Items from a dataset
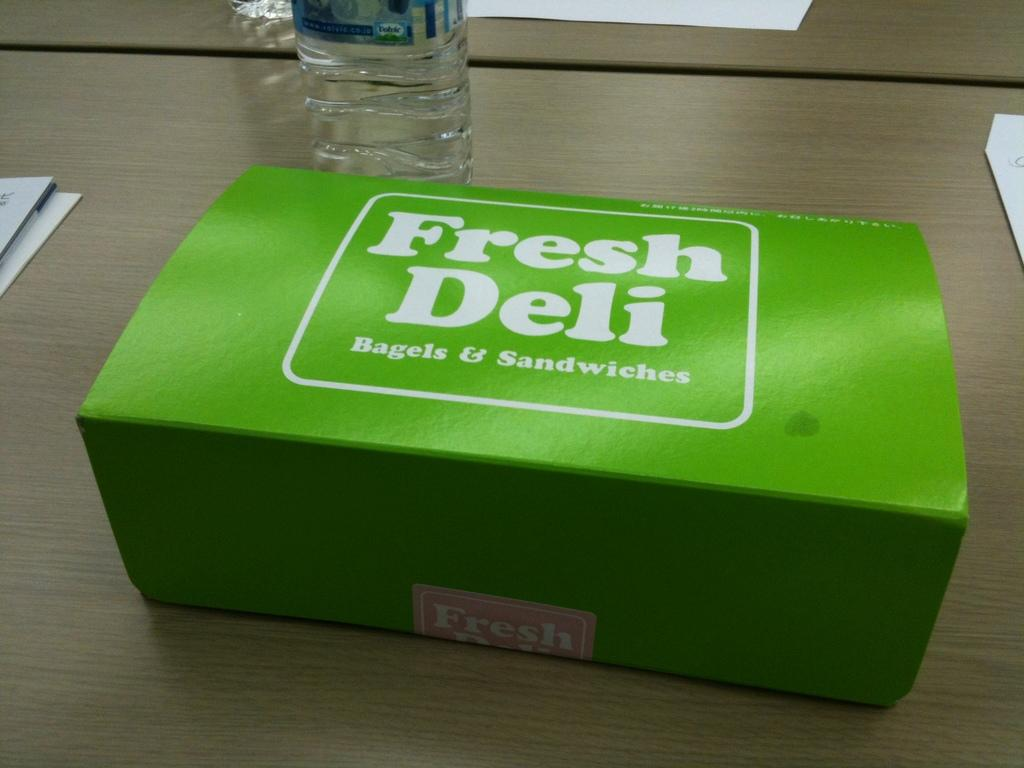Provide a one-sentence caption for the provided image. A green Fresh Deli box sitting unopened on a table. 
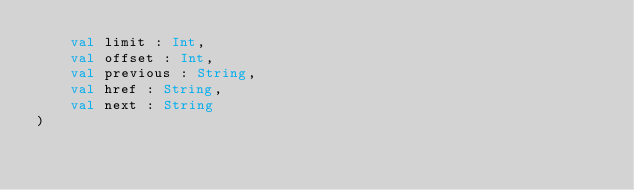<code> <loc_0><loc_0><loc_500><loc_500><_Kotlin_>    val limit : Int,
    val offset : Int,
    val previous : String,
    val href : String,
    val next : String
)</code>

* Aim of the task *
Word search in the records above: please count the lines holding "String" and state the count alone.

* Exercise response *
3